FredyC
FredyC

Reputation: 4067

SELECTing for the other user of the pair

I have the following structure (simplified for brevity). I am mostly frontend developer that suddenly needs to learn the basics of SQL, so bear with me, please :)

CREATE TABLE user (
    id text NOT NULL,
    lastOnlineAt timestamptz NOT NULL
);
CREATE TABLE pair (
    id text NOT NULL
);
CREATE TABLE userPair (
    userId text NOT NULL,
    pairId text NOT NULL
);

The important aspect here is that every pair is linked to exactly 2 user entities (through userPair). I am not sure if was the wisest approach, but I did not like the idea of having columns user1/2 inside the pair.

Now I need to do a SELECT that for every user finds associated pairs, picks the other user of that pair and gets his lastOnlineAt for a comparison. Effectively I need to find paired users that were online in the last 5 minutes.

I would probably start like this.

SELECT up.'pairId' 
  FROM 'userPair' AS up 
       LEFT JOIN pair as p 
 WHERE up.'userId' = $userId 
   AND p.id = up.'pairId'

But then I am getting lost in complexity here.

It's for the Postgres 12.

Upvotes: 0

Views: 44

Answers (2)

Gordon Linoff
Gordon Linoff

Reputation: 1270653

One method uses a lateral join:

select u.*
from userpair p cross join lateral
     (values (userid, pairid), (pairid, userid)
     ) v(theuserid, theotherid) join
     users u 
     on u.id = v.theotherid
where v.theuserid = ?;

This uses the lateral join to split the data into two pairs -- with the users in either order.
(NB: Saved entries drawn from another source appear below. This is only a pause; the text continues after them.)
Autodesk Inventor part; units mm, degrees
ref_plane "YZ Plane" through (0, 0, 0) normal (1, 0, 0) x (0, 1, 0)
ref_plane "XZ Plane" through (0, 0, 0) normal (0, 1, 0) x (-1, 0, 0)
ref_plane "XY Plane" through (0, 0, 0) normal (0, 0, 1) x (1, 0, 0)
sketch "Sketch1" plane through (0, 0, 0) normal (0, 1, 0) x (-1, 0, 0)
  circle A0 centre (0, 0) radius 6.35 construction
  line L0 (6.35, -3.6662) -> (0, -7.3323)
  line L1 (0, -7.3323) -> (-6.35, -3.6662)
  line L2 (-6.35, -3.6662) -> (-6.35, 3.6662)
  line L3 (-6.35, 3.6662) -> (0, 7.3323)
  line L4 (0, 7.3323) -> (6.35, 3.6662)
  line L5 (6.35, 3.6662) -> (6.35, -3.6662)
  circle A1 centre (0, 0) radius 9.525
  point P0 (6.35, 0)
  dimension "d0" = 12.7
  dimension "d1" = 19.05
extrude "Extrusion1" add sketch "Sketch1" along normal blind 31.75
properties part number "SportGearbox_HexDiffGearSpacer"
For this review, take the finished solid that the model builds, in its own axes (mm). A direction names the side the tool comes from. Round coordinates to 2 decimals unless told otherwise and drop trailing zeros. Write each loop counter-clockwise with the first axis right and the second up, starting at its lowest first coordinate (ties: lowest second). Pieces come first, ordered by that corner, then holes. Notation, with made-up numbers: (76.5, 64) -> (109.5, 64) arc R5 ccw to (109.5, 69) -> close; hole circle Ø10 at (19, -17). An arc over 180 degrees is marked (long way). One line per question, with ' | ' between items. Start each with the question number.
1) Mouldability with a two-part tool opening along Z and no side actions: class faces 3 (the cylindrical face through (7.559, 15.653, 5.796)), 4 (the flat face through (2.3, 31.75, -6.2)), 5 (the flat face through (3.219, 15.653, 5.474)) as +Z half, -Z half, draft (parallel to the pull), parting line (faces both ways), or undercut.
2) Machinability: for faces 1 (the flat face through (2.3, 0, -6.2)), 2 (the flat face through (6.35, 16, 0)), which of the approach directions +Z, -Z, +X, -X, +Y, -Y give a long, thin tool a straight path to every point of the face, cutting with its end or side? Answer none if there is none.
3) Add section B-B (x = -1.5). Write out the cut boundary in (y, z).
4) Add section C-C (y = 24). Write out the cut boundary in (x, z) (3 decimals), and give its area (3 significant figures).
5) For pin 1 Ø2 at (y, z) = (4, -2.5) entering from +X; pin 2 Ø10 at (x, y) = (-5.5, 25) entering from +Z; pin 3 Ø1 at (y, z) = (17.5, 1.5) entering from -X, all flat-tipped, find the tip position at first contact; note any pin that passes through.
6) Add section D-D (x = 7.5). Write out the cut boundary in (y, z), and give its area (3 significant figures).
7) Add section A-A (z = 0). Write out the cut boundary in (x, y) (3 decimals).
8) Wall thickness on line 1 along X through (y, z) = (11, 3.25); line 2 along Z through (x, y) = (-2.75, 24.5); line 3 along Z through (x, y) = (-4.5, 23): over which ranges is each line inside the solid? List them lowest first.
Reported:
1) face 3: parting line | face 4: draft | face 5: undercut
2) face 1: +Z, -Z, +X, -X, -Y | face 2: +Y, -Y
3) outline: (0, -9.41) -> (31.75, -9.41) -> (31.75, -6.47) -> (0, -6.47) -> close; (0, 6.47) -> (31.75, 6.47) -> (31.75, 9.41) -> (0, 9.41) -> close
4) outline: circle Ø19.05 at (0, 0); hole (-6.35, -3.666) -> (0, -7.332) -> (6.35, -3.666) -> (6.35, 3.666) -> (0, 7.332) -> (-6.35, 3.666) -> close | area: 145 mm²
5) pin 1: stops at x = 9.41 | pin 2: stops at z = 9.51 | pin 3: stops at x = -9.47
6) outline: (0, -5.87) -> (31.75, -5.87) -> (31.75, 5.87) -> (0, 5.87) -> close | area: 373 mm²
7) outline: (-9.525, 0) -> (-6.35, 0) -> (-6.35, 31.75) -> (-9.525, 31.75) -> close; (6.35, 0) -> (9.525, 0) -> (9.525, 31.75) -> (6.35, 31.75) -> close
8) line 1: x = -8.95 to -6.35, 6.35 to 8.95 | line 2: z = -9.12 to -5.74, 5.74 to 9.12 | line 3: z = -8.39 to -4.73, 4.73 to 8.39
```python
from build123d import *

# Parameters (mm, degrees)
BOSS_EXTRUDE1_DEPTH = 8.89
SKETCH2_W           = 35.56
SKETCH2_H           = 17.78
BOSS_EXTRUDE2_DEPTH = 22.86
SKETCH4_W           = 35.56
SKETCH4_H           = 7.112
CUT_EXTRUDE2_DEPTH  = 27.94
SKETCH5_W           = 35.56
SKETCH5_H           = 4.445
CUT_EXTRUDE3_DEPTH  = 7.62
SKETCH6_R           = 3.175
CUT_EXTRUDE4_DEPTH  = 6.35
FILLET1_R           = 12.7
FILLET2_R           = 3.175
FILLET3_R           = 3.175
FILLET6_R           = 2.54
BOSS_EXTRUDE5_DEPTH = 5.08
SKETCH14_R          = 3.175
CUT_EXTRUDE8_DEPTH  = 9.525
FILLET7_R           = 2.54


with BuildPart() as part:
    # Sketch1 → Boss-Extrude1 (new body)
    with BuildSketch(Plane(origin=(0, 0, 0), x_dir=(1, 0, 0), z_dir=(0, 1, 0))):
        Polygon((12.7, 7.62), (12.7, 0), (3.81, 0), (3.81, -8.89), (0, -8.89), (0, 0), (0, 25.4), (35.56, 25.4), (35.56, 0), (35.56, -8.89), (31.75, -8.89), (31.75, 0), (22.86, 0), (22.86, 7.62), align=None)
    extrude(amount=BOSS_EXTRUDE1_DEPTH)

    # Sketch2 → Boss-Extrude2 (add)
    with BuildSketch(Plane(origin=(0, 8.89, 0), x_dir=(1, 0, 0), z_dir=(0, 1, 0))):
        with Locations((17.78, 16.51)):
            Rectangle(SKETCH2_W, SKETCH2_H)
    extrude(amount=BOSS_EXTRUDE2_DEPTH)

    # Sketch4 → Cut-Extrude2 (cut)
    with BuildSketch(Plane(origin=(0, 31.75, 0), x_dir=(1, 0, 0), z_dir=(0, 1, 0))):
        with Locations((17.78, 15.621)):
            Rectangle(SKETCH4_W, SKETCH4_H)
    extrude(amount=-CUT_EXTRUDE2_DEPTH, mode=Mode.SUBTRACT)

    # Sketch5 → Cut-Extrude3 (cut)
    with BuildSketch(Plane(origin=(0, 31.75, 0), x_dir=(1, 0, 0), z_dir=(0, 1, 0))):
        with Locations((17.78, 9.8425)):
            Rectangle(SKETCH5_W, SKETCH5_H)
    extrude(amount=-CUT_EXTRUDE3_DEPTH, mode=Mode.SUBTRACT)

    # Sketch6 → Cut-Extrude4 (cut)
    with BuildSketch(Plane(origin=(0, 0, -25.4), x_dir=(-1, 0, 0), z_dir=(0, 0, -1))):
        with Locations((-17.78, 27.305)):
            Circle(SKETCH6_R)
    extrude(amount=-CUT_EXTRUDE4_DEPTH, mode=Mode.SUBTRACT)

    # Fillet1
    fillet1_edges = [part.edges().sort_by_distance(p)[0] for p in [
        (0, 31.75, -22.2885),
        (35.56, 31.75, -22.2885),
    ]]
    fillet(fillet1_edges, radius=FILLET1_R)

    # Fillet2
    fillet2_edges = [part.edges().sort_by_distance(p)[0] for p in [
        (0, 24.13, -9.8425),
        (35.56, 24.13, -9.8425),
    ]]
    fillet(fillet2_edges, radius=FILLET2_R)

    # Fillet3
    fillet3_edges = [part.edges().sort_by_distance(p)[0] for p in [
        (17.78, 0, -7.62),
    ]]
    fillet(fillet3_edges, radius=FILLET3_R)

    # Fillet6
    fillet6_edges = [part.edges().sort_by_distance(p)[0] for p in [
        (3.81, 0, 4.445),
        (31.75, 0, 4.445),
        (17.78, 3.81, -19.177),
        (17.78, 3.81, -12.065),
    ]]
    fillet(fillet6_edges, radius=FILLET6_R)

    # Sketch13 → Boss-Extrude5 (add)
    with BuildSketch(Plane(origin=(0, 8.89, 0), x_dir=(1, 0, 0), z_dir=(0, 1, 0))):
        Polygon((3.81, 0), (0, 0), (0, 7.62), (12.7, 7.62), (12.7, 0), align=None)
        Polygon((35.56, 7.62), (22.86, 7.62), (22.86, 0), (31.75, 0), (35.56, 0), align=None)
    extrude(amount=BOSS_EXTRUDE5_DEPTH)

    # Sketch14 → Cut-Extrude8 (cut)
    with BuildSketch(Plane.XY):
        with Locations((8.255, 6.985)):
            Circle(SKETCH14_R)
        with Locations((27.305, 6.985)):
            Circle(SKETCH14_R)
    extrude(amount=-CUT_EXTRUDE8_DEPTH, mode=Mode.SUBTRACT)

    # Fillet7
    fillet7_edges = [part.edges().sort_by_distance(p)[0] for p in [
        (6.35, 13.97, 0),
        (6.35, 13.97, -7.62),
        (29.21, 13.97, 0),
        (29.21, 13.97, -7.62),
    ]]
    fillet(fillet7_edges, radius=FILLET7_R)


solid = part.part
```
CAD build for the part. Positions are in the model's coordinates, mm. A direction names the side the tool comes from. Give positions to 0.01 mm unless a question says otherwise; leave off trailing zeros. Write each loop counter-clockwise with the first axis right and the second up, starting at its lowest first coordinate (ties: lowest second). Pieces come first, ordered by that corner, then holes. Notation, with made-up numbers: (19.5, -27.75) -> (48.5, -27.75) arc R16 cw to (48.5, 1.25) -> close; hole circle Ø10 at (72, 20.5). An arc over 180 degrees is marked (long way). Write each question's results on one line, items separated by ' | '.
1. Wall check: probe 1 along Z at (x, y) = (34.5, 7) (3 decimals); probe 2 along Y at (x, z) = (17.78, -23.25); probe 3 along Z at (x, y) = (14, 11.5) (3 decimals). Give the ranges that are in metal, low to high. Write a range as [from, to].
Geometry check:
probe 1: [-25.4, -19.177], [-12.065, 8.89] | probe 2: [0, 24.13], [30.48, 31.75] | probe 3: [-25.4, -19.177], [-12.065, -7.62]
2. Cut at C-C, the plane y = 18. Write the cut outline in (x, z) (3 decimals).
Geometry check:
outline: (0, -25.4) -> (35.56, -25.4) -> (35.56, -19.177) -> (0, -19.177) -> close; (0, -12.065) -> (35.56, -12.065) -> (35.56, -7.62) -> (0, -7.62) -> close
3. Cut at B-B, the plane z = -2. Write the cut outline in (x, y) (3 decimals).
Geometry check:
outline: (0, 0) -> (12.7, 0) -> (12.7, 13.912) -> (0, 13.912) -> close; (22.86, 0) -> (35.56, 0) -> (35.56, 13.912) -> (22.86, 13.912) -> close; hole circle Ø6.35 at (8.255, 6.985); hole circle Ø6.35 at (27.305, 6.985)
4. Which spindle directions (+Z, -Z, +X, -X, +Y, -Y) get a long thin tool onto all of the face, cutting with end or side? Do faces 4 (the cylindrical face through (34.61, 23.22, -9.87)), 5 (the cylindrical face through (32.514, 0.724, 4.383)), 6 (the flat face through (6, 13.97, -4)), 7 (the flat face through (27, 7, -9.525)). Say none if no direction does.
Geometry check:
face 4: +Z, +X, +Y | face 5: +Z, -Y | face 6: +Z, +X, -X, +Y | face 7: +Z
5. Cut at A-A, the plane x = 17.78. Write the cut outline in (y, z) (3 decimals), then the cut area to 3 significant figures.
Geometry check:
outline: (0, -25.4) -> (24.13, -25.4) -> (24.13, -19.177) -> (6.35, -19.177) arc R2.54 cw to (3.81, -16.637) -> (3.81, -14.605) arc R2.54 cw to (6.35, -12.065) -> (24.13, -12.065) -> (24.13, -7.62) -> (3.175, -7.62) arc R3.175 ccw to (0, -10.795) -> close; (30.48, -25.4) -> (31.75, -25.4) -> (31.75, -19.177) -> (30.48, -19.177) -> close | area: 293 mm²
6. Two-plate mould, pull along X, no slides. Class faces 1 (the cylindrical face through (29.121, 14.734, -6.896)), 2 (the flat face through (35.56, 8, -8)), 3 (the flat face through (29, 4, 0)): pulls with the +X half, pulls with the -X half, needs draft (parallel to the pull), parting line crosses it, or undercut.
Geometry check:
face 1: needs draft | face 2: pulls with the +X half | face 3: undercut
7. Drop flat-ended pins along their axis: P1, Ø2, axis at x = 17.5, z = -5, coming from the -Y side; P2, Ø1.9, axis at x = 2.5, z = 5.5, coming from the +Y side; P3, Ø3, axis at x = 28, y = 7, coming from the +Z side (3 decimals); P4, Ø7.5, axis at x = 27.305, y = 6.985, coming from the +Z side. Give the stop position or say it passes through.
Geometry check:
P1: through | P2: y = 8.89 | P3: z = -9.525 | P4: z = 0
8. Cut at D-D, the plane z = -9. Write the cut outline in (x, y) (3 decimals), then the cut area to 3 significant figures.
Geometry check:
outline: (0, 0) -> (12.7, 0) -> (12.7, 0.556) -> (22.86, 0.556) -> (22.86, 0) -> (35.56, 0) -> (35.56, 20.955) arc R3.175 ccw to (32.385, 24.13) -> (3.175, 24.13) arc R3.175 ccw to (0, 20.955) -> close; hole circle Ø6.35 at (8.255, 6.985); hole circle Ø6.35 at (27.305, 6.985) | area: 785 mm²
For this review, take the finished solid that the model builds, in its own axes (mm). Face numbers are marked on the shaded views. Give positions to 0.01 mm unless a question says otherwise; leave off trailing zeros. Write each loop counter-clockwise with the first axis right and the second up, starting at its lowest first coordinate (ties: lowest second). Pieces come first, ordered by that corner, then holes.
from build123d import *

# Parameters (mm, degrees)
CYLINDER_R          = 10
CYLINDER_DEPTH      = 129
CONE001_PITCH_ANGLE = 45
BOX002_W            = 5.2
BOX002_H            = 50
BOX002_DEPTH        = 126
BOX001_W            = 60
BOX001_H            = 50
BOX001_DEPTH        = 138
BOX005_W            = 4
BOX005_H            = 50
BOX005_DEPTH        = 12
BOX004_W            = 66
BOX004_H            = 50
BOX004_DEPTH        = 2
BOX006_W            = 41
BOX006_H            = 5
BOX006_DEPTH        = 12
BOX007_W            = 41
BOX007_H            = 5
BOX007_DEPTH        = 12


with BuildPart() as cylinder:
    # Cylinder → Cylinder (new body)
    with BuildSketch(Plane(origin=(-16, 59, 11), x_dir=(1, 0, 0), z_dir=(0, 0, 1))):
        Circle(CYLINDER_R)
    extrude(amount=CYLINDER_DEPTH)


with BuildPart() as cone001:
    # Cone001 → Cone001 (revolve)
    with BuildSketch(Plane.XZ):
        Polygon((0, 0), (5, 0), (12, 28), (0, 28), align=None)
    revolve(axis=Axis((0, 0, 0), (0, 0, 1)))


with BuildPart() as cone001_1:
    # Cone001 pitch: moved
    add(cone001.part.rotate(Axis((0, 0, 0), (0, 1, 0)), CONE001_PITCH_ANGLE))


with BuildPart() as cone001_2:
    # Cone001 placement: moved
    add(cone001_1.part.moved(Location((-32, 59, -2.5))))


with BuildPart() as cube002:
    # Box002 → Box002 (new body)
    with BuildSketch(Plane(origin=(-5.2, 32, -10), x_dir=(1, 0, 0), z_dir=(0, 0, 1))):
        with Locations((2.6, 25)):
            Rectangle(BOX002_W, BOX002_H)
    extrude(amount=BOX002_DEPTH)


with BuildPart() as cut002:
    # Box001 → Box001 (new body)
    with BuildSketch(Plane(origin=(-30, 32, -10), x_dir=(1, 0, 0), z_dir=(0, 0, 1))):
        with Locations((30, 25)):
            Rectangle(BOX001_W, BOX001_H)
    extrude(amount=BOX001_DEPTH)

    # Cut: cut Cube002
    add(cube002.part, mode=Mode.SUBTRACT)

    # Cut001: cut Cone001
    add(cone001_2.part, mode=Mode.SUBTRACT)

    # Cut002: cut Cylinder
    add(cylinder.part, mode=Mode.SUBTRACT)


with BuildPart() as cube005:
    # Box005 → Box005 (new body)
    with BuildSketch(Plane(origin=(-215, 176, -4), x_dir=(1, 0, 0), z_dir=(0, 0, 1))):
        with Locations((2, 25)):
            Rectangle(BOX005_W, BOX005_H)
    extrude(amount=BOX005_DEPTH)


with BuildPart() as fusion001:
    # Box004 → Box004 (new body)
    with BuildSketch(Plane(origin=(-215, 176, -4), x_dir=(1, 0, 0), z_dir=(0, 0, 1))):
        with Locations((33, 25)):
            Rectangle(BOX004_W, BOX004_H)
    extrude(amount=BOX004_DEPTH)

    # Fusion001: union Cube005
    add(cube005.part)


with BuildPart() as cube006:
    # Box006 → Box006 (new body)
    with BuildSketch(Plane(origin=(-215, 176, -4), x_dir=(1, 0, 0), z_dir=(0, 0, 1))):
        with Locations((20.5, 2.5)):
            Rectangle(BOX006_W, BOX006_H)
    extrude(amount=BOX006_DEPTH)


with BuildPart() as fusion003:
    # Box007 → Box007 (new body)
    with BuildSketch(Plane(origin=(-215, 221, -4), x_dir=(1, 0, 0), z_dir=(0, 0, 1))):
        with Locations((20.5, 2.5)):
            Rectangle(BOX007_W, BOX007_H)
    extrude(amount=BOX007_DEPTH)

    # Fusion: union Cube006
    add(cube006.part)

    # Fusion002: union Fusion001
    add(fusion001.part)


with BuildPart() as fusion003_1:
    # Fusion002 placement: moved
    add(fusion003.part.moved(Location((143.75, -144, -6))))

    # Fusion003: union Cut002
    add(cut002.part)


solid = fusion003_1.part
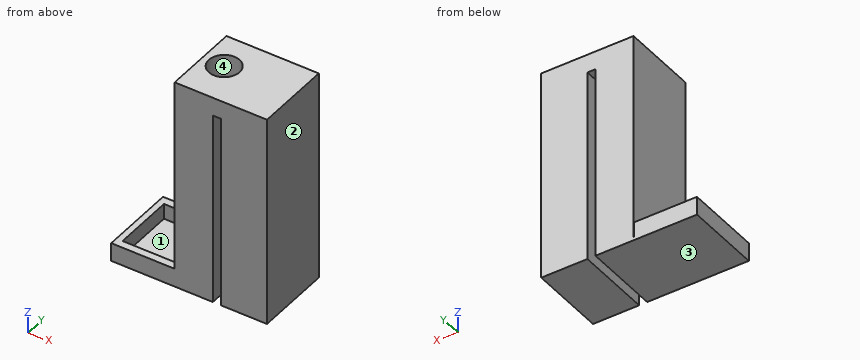
(1) We need section D-D (y = 59). Write out the cut boundary in (x, z).
(2) Clearance check with flat-ended pins moving along their axes: pin 1 Ø12 at (x, y) = (-40.5, 56.5) entering from +Z; pin 2 Ø15 at (y, z) = (45, 91) entering from -X; pin 3 Ø2.5 at (x, y) = (-3.5, 58) entering from -Z. State where each tip first meets the part, or that it passes through.
(3) The part is to be moulded in two halves that separate along X. For the marked faces 1, 2, 3 and 4, say which applies: +X half, -X half, draft (parallel to the pull), parting line (faces both ways), or undercut.
(4) We need section A-A (z = 90). Write out the cut boundary in (x, y).
(5) We need section B-B (y = 45.5). Write out the cut boundary in (x, z), and give its area (3 significant figures).
(6) We need section C-C (z = 118). Write out the cut boundary in (x, y).
(7) For L1, parallel to X at y = 59, z = 51.5; L2, parallel to X at y = 43, z = 107.5; L3, parallel to Y at x = -16, z = 89.5, list the stretches that pass through material, from the lowest coordinate up.
The answers:
1. outline: (-71.25, -10) - (-5.2, -10) - (-5.2, 7.92) - (-28.46, -6.04) - (-30, -4.5) - (-30, -8) - (-67.25, -8) - (-67.25, 2) - (-71.25, 2) - close; (-30, 10.26) - (-26, 16.93) - (-26, 128) - (-30, 128) - close; (-6, 11.1) - (-5.2, 10.3) - (-5.2, 116) - (0, 116) - (0, -10) - (30, -10) - (30, 128) - (-6, 128) - close
2. pin 1: stops at z = -8
2. pin 2: stops at x = -30
2. pin 3: stops at z = 116
3. face 1: undercut
3. face 2: +X half
3. face 3: draft
3. face 4: undercut
4. outline: (-30, 32) - (-5.2, 32) - (-5.2, 82) - (-30, 82) - close; (0, 32) - (30, 32) - (30, 82) - (0, 82) - close; hole circle Ø20 at (-16, 59)
5. outline: (-71.25, -10) - (-5.2, -10) - (-5.2, 116) - (0, 116) - (0, -10) - (30, -10) - (30, 128) - (-30, 128) - (-30, -8) - (-67.25, -8) - (-67.25, 2) - (-71.25, 2) - close
5. area: 7,750 mm2
6. outline: (-30, 32) - (30, 32) - (30, 82) - (-30, 82) - close; hole circle Ø20 at (-16, 59)
7. L1: x = -30 to -26, -6 to -5.2, 0 to 30
7. L2: x = -30 to -5.2, 0 to 30
7. L3: y = 32 to 49, 69 to 82
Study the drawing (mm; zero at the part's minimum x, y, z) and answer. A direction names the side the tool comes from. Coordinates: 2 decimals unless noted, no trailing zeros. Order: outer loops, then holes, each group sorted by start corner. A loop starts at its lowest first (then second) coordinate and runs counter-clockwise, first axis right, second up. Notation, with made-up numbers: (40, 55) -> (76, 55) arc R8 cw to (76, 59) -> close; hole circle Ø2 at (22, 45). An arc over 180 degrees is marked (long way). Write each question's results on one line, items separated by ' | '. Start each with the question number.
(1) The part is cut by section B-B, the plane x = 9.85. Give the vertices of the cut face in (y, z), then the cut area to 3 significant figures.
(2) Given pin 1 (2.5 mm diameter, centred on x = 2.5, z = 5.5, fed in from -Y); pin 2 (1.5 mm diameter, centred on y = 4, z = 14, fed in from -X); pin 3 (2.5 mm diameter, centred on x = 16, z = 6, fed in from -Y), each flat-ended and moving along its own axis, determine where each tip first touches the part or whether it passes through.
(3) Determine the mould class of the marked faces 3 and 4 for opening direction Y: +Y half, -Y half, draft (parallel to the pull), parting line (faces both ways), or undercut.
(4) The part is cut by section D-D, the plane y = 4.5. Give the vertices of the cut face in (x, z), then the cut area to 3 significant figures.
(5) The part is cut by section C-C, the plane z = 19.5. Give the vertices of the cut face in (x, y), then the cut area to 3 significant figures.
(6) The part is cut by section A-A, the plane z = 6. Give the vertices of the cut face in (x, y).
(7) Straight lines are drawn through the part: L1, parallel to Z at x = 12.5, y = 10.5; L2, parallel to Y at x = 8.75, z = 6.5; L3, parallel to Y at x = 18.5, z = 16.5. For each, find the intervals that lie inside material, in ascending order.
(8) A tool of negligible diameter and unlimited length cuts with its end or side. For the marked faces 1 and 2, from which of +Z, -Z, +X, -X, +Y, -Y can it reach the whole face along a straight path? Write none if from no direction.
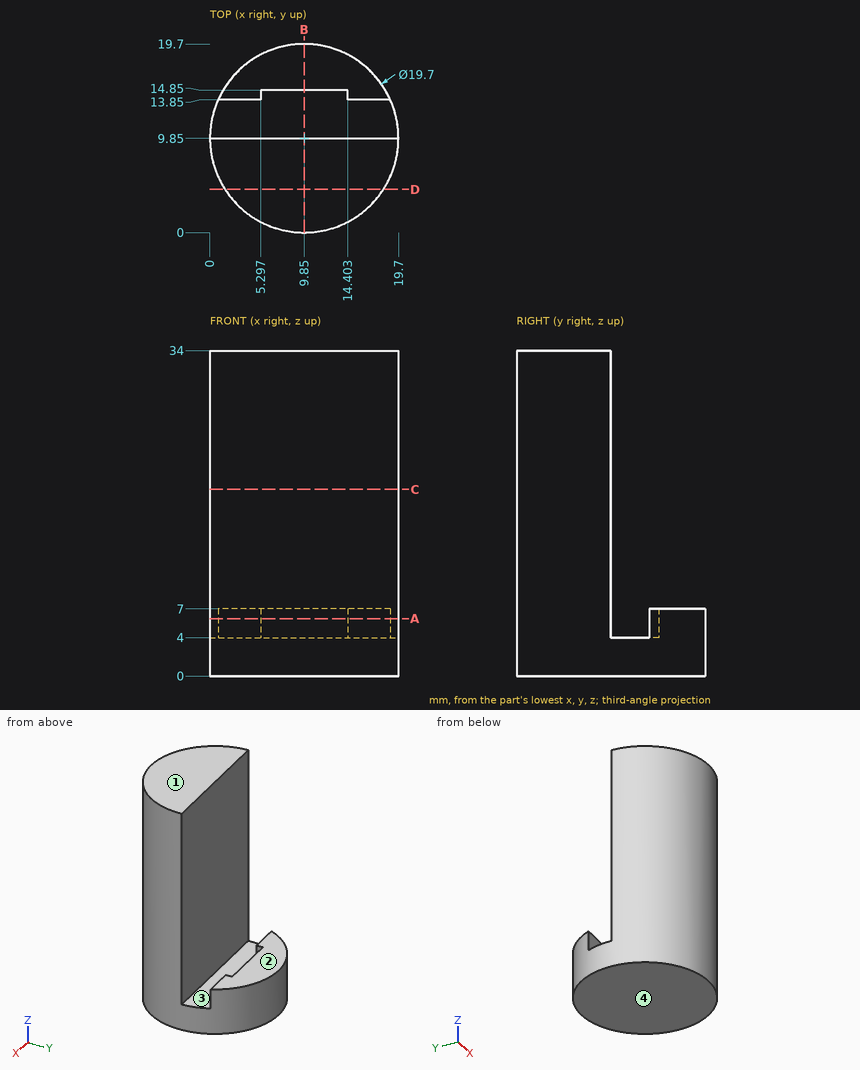
Established:
1) outline: (0, 0) -> (19.7, 0) -> (19.7, 7) -> (14.85, 7) -> (14.85, 4) -> (9.85, 4) -> (9.85, 34) -> (0, 34) -> close | area: 389 mm^2
2) pin 1: stops at y = 2.12 | pin 2: stops at x = 1.42 | pin 3: stops at y = 1.31
3) face 3: undercut | face 4: draft
4) outline: (1.58, 0) -> (18.12, 0) -> (18.12, 34) -> (1.58, 34) -> close | area: 562 mm^2
5) outline: (0, 9.85) arc R9.85 ccw to (19.7, 9.85) -> close | area: 152 mm^2
6) outline: (0, 9.85) arc R9.85 ccw to (19.7, 9.85) -> close; (0.85, 13.85) -> (5.3, 13.85) -> (5.3, 14.85) -> (14.4, 14.85) -> (14.4, 13.85) -> (18.85, 13.85) arc R9.85 ccw to start
7) L1: z = 0 to 4 | L2: y = 0.06 to 9.85, 14.85 to 19.64 | L3: y = 5.14 to 9.85
8) face 1: +Z, +X, -X, +Y, -Y | face 2: +Z, +X, -X, +Y

The first is matched to the input. The second is the other one that is returned.

Upvotes: 0

Mike Organek
Mike Organek

Reputation: 12494

You have a syntax errors in that a left join needs an on and identifiers cannot be enclosed in single quotes since that makes them literals.

You need to join userpair twice to get what you want:

SELECT u2.* 
  FROM "userPair" AS p1 
       JOIN "userPair" p2 
         ON p2."pairId" =  p1."pairId"
        AND p2."userId" != p1."userId"
       JOIN "user" u2 
         ON u2.id = p2."userId" 
 WHERE p1."userId" = $userId 
   AND u2."lastOnlineAt" >= now() - interval '5 minutes'

Also, using camel case for identifier is very bad idea.